Reference can be made to the decision of the Tribunal in M/s Surya Wires Pvt. Ltd. vs. Principal Commissioner, CGST, Raipur [2025 (4) TMI 441 - CESTAT NEW DELHI]. The Tribunal examined the provisions of sections 108 and 138B of the Customs Act as also the provisions of sections 14 and 9D of the Central Excise Act, 1944 and observed that 'What, therefore, follows is that a person who makes a statement during the course of an inquiry has to be first examined as a witness before the adjudicating authority and thereafter the adjudicating authority has to form an opinion whether having regard to the circumstances of the case the statement should be admitted in evidence, in the interests of justice. Once this determination regarding admissibility of the statement of a witness is made by the adjudicating authority, the statement will be admitted as an evidence and an opportunity of cross-examination of the witness is then required to be given to the person against whom such statement has been made. It is only when this procedure is followed that the statements of the persons making them would be of relevance for the purpose of proving the facts which they contain.'
In view of the aforesaid decision of the Tribunal in Surya Wires, the statements made by the appellant and the exporters under section 108 of the Customs Act could not have been considered by the Commissioner of Customs (Appeals).
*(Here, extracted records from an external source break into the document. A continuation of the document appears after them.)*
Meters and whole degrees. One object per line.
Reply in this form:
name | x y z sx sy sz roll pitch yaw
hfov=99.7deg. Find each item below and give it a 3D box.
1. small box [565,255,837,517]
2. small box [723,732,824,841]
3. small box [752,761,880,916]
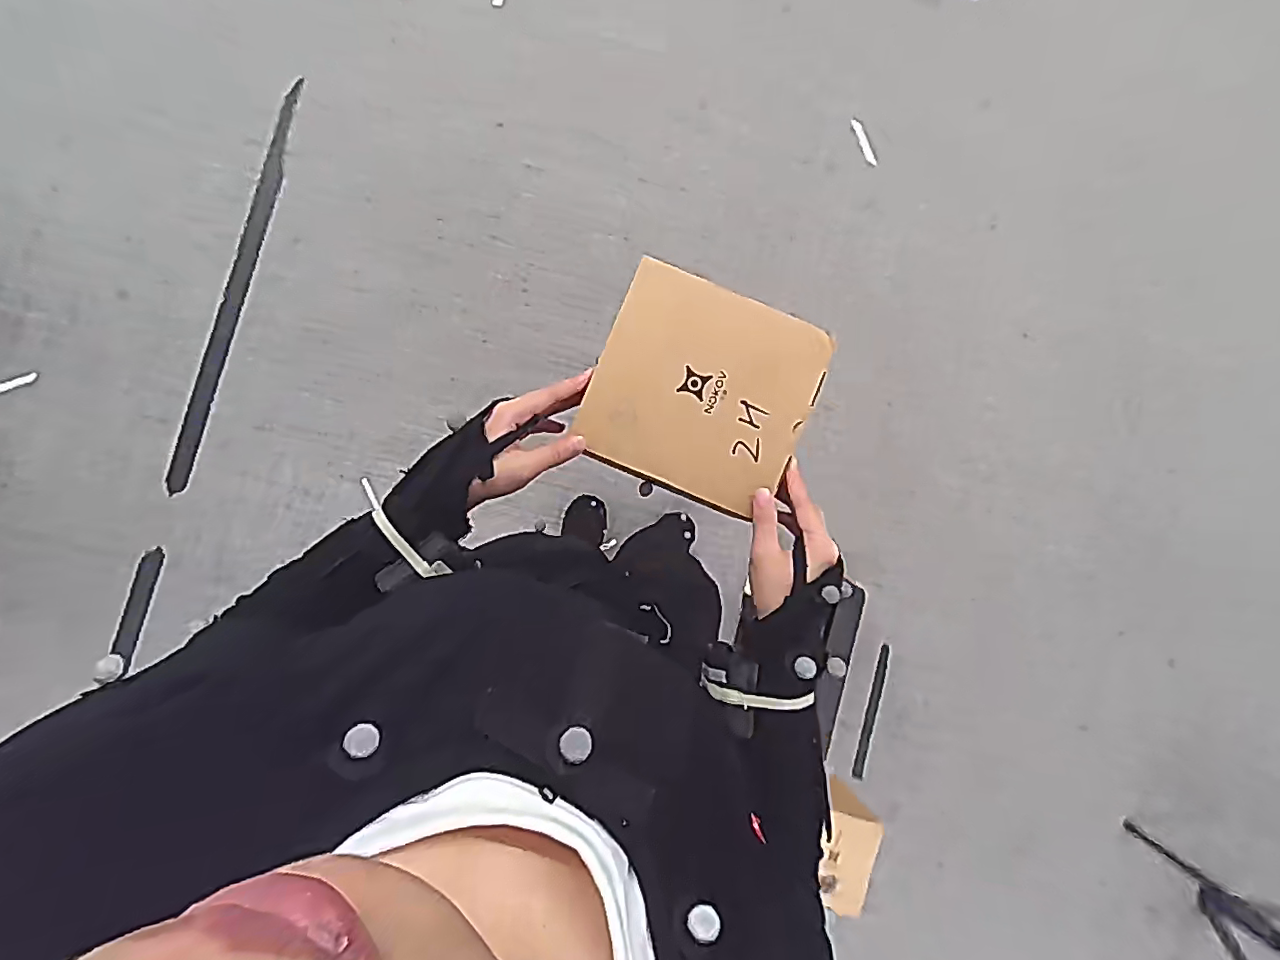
small box | 0.048 -0.073 0.511 0.179 0.176 0.168 22 89 -1
small box | 0.308 0.707 1.243 0.179 0.176 0.168 13 88 -5
small box | 0.340 0.705 1.081 0.168 0.176 0.179 19 87 -5
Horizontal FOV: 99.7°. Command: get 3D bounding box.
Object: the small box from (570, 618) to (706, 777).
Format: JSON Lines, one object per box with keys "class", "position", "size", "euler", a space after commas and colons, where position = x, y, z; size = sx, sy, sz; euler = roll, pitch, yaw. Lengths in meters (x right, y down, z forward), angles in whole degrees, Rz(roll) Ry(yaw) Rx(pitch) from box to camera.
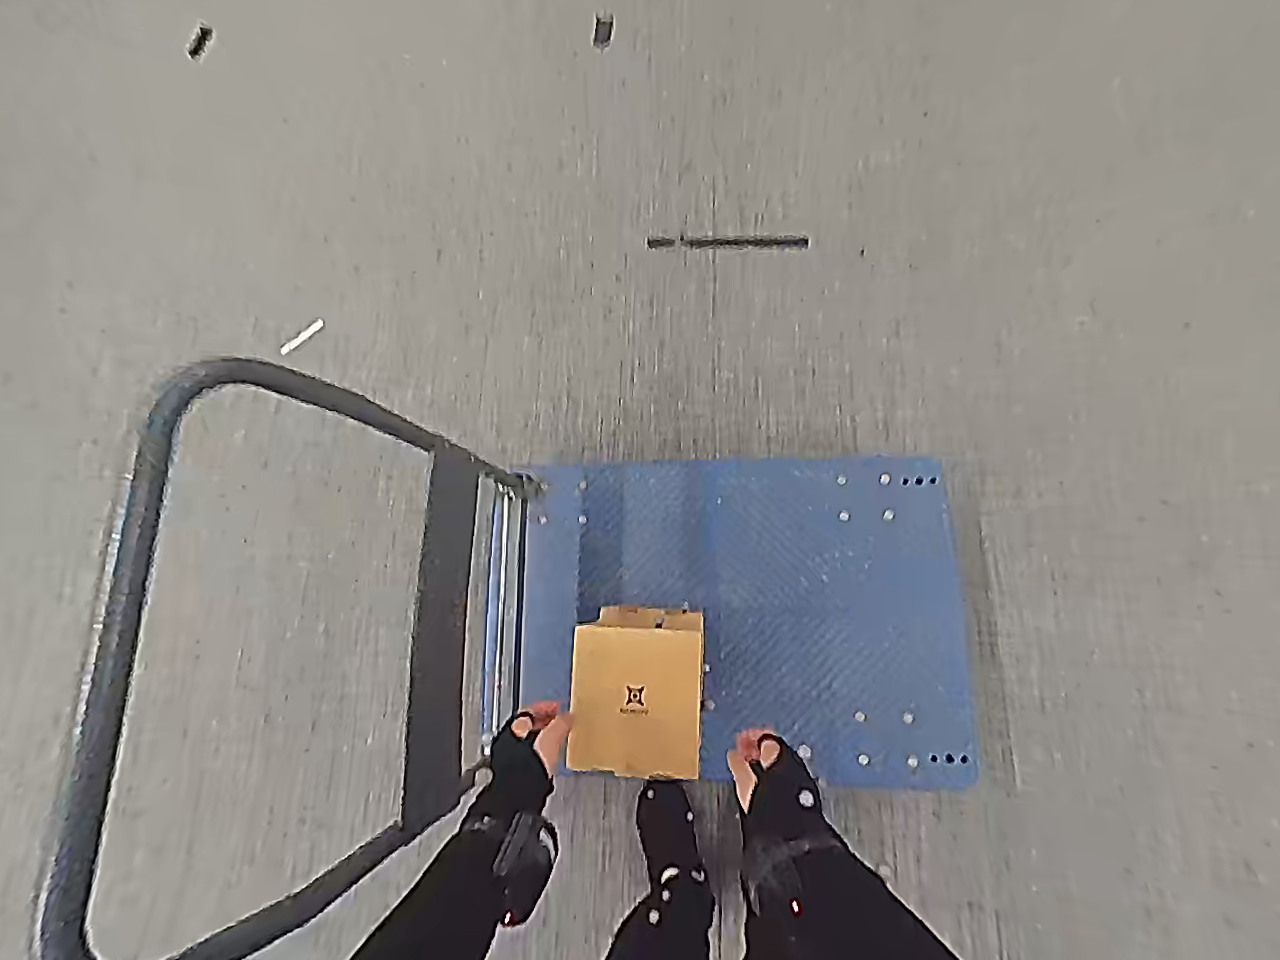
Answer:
{"class": "small box", "position": [0.006, 0.287, 0.752], "size": [0.168, 0.176, 0.179], "euler": [1, 79, 6]}

The finding that has been recorded by the Commissioner (Appeals) that the appellant helped the exporters in availing the benefit of drawback cannot, therefore, be sustained.
In this view of the matter, the penalties that have been imposed upon the appellant under sections 114(iii) and 114AA of the Customs Act based on the statements of the appellant and the exporters are set aside.
The impugned order dated April 04, 2022 passed by the Commissioner (Appeals), therefore, deserves to be set aside and is set aside - appeal allowed.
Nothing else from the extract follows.